日本ハムの前身にあたる東映フライヤーズは、1946年は「セネタース」、1947年および 1949年〜1953年は「東急フライヤーズ」、1948年は「急映フライヤーズ」という変遷を経て、1954年から「東映フライヤーズ」となった。
この時代の主力選手といえば、「ミスターフライヤーズ」毒島章一、「江戸っ子投法」土橋正幸、「怪童」尾崎行雄、「月に向かって打て」大杉勝男など個性派ぞろい。

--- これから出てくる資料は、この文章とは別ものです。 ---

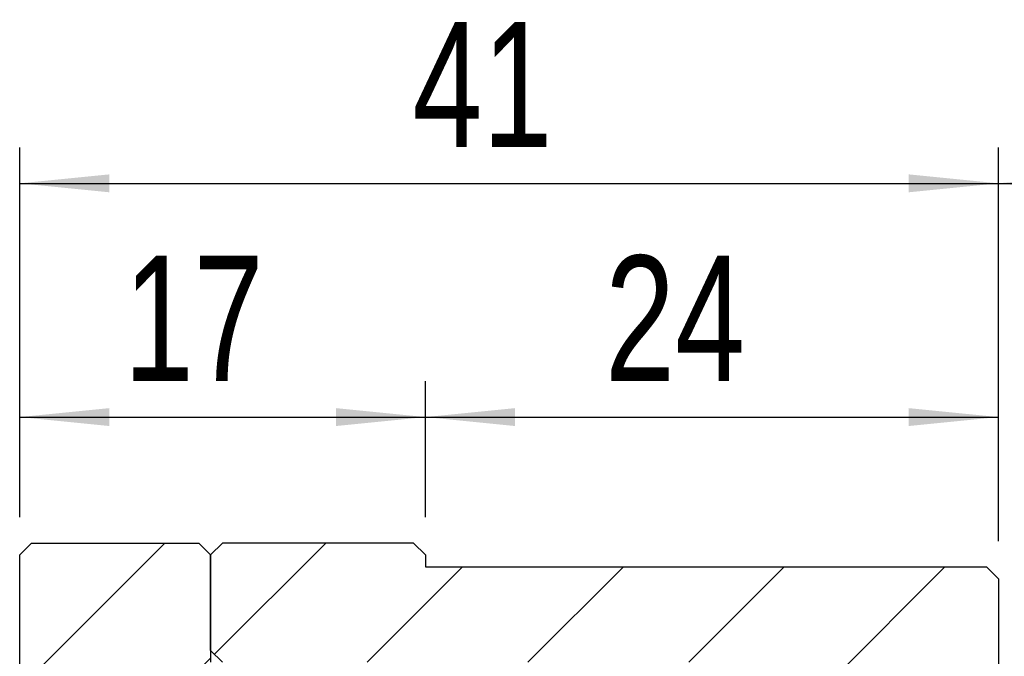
# Model space of a CAD drawing. Header units: millimetres. Extents: x 7 to 295, y 72 to 193.
# Tile 7 of 8: x 240 to 268, y 129 to 147. Entities that reach past the tile are written whole.
import ezdxf

# ---------------------------------------------------------------- set-up
doc = ezdxf.new("R2010")
doc.units = ezdxf.units.MM
doc.layers.add('FORMAT', color=7, linetype='Continuous')
doc.styles.add('SLDTEXTSTYLE0', font='TXT', dxfattribs={"width": 0.75})
doc.dimstyles.new('SLDDIMSTYLE0', dxfattribs={"dimtxt": 3.5, "dimasz": 2.5, "dimexe": 0, "dimexo": 0.0625, "dimgap": 0.875, "dimtad": 1, "dimlfac": 1.5, "dimrnd": 1e-09, "dimzin": 12, "dimdsep": 46, "dimtxsty": 'SLDTEXTSTYLE0', "dimsah": 1, "dimcen": 0.09, "dimadec": 0, "dimazin": 3, "dimtfac": 1, "dimtofl": 0, "dimtmove": 0, "dimatfit": 3, "dimfxl": 1, "dimfrac": 2, "dimtolj": 1, "dimtzin": 12, "dimarcsym": 0})
pattern_1 = [(45, (0, 0), (-2.245064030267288, 2.245064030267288), [])]

# ---------------------------------------------------------------- blocks, each defined once
blk = doc.blocks.new('_D_14')
at = {"layer": 'FORMAT', "color": 7}
for p, q in [((240.173366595, 132.6961320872), (240.173366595, 143.0294654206)), ((267.5066999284, 132.0294654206), (267.5066999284, 143.0294654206)), ((240.173366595, 142.0294654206), (267.5066999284, 142.0294654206))]:
    blk.add_line(p, q, dxfattribs=at)
for points in [[(240.173366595, 142.0294654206), (242.673366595, 141.7794654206), (242.673366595, 142.2794654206)], [(267.5066999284, 142.0294654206), (265.0066999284, 142.2794654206), (265.0066999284, 141.7794654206)]]:
    blk.add_solid(points, dxfattribs=at)
at = {"layer": 'FORMAT', "color": 7, "insert": (251.1470351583, 146.5412023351), "char_height": 3.5, "attachment_point": 1, "style": 'SLDTEXTSTYLE0'}
blk.add_mtext('41', dxfattribs=at)
blk = doc.blocks.new('_D_15')
at = {"layer": 'FORMAT', "color": 7}
for p, q in [((267.5066999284, 132.0294654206), (267.5066999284, 143.0294654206)), ((275.5066999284, 127.0294654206), (275.5066999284, 143.0294654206)), ((267.5066999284, 142.0294654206), (275.5066999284, 142.0294654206))]:
    blk.add_line(p, q, dxfattribs=at)
for points in [[(267.5066999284, 142.0294654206), (270.0066999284, 141.7794654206), (270.0066999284, 142.2794654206)], [(275.5066999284, 142.0294654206), (273.0066999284, 142.2794654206), (273.0066999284, 141.7794654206)]]:
    blk.add_solid(points, dxfattribs=at)
at = {"layer": 'FORMAT', "color": 7, "insert": (269.0299159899, 146.5412023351), "char_height": 3.5, "attachment_point": 1, "style": 'SLDTEXTSTYLE0'}
blk.add_mtext('12', dxfattribs=at)
blk = doc.blocks.new('_D_16')
at = {"layer": 'FORMAT', "color": 7}
for p, q in [((240.173366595, 132.6961320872), (240.173366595, 136.4972064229)), ((251.5066999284, 132.6961320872), (251.5066999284, 136.4972064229)), ((240.173366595, 135.4972064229), (251.5066999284, 135.4972064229))]:
    blk.add_line(p, q, dxfattribs=at)
for points in [[(240.173366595, 135.4972064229), (242.673366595, 135.2472064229), (242.673366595, 135.7472064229)], [(251.5066999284, 135.4972064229), (249.0066999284, 135.7472064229), (249.0066999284, 135.2472064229)]]:
    blk.add_solid(points, dxfattribs=at)
at = {"layer": 'FORMAT', "color": 7, "insert": (243.0815128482, 140.0089433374), "char_height": 3.5, "attachment_point": 1, "style": 'SLDTEXTSTYLE0'}
blk.add_mtext('17', dxfattribs=at)
blk = doc.blocks.new('_D_17')
at = {"layer": 'FORMAT', "color": 7}
for p, q in [((251.5066999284, 132.6961320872), (251.5066999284, 136.4972064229)), ((267.5066999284, 132.0294654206), (267.5066999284, 136.4972064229)), ((251.5066999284, 135.4972064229), (267.5066999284, 135.4972064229))]:
    blk.add_line(p, q, dxfattribs=at)
for points in [[(251.5066999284, 135.4972064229), (254.0066999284, 135.2472064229), (254.0066999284, 135.7472064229)], [(267.5066999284, 135.4972064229), (265.0066999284, 135.7472064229), (265.0066999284, 135.2472064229)]]:
    blk.add_solid(points, dxfattribs=at)
at = {"layer": 'FORMAT', "color": 7, "insert": (256.5226622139, 140.0089433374), "char_height": 3.5, "attachment_point": 1, "style": 'SLDTEXTSTYLE0'}
blk.add_mtext('24', dxfattribs=at)

msp = doc.modelspace()

# ---------------------------------------------------------------- hatches: boundary and pattern name
at = {"layer": 'FORMAT', "linetype": 'Continuous', "lineweight": 18}
h = msp.add_hatch(dxfattribs=at)
h.set_pattern_fill('ANSI31', color=256, style=0)
h.set_pattern_definition(pattern_1)
h.paths.add_polyline_path([(240.5066999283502, 126.6445307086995), (245.5066999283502, 126.6445307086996), (245.5066999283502, 126.3111973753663), (246.1733665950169, 126.3111973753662), (246.8400332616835, 126.977864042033), (246.8400332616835, 128.3111973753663), (246.5066999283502, 128.6445307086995), (245.5066999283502, 128.6445307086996), (245.5066999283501, 131.6445307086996), (245.1733665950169, 131.977864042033), (240.5066999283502, 131.977864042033), (240.1733665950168, 131.6445307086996), (240.1733665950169, 126.977864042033)], flags=0)
h = msp.add_hatch(dxfattribs=at)
h.set_pattern_fill('ANSI31', color=256, style=0)
h.set_pattern_definition(pattern_1)
h.paths.add_polyline_path([(263.5066999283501, 126.6445307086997), (267.1733665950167, 126.6445307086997), (267.5066999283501, 126.977864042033), (267.5066999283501, 130.977864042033), (267.1733665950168, 131.3111973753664), (251.5066999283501, 131.3111973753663), (251.5066999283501, 131.6445307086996), (251.1733665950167, 131.977864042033), (245.8400332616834, 131.9778640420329), (245.5066999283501, 131.6445307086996), (245.5066999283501, 128.977864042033), (245.8400332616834, 128.6445307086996), (262.8400332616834, 128.6445307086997), (262.8400332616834, 126.3111973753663), (263.5066999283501, 126.3111973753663)], flags=0)

# ---------------------------------------------------------------- linework, layer by layer
at = {"color": 7, "linetype": 'Continuous', "lineweight": 25}
for p, q in [((240.173366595, 131.6445307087), (240.5066999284, 131.977864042)), ((240.5066999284, 131.977864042), (245.173366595, 131.977864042)), ((245.173366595, 131.977864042), (245.5066999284, 131.6445307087)), ((245.5066999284, 131.6445307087), (245.8400332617, 131.977864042)), ((251.173366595, 131.977864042), (245.8400332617, 131.977864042)), ((251.173366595, 131.977864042), (251.5066999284, 131.6445307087)), ((240.173366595, 126.977864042), (240.173366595, 131.6445307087)), ((245.5066999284, 128.977864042), (245.5066999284, 131.6445307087)), ((245.5066999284, 131.6445307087), (245.5066999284, 128.6445307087)), ((251.5066999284, 131.6445307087), (251.5066999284, 131.3111973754)), ((251.5066999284, 131.3111973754), (267.173366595, 131.3111973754)), ((267.173366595, 131.3111973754), (267.5066999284, 130.977864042)), ((267.5066999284, 130.977864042), (267.5066999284, 126.977864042)), ((245.8400332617, 128.6445307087), (245.5066999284, 128.977864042))]:
    msp.add_line(p, q, dxfattribs=at)

# ---------------------------------------------------------------- dimensions: what is measured, and where the dimension line sits
at = {"layer": 'FORMAT', "color": 7}
for base, p1, p2, picture, middle in [((275.5066999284, 142.0294654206), (267.5066999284, 131.0294654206), (275.5066999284, 126.0294654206), '_D_15', (271.6160271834, 142.0294654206)), ((267.5066999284, 142.0294654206), (240.173366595, 131.6961320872), (267.5066999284, 131.0294654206), '_D_14', (253.7331463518, 142.0294654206)), ((251.5066999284, 135.4972064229), (240.173366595, 131.6961320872), (251.5066999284, 131.6961320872), '_D_16', (245.6676240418, 135.4972064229)), ((267.5066999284, 135.4972064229), (251.5066999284, 131.6961320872), (267.5066999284, 131.0294654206), '_D_17', (259.1087734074, 135.4972064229))]:
    dim = msp.add_linear_dim(base=base, p1=p1, p2=p2, dimstyle='SLDDIMSTYLE0', dxfattribs=at)
    dim.commit()
    dim.dimension.update_dxf_attribs({"geometry": picture, "text_midpoint": middle, "dimtype": 160})

doc.saveas('drawing.dxf')

そのなかでも最も印象深い選手といえば、日曜朝のテレビ番組でもおなじみの張本勲だろう。
1959年に入団した張本は高卒新人ながらいきなり新人王を獲得すると、2年目に打率3割超え、3年目に首位打者とスター街道を爆進。NPB歴代1位の通算3085安打は不滅の金字塔であり、504本塁打は歴代7位タイだ。
1962年は、巨人の監督から東映に招聘された水原茂監督の2年目。前年にシーズンの終盤まで南海と首位争いをして2位に敗れた悔しさをバネに、東映は開幕から猛ダッシュを決めた。
オールスターゲームまでに30もの貯金を稼ぐと、その勢いのままにシーズンを制して初のリーグ優勝。さらに日本シリーズでも阪神を4勝2敗1分で破り、念願の日本一に輝く。
なお張本がシーズンMVP、土橋と種茂雅之が日本シリーズMVPを受賞、尾崎が新人王を獲得した。昨年までに67回行われている日本シリーズでMVPを2選手が受賞したのはこの時が唯一となっている。
東映フライヤーズは、水原監督が在任した7年間は常にAクラスを保っていたが、監督が交代してからは失速。当時の球界を震撼させた「黒い霧事件」によるファン離れや、親会社の基盤である映画産業の斜陽化の影響もあって東映は球団を手放した。
売却先は不動産会社の日拓ホームで、1973年に「日拓ホームフライヤーズ」となった。この時代の特徴といえば、毎試合違うユニフォームを着用する「七色のユニフォーム」が有名だが、今から思うと最先端の発想だったのかもしれない。
しかし、日拓ホームはわずか1年で球団経営から撤退。その後、日本ハムが新オーナーとなり、球団名も「日本ハムファイターズ」とあらためられた。
球団名も変わり、本拠地も2004年に東京から遠く離れた北海道に移転したため、現在は東映フライヤーズの面影はほとんどない。しかし、年に数回開催される東京ドーム興行に訪れる在京ファンのなかには、今のチームにかつてのフライヤーズを投影している人もいるかもしれない。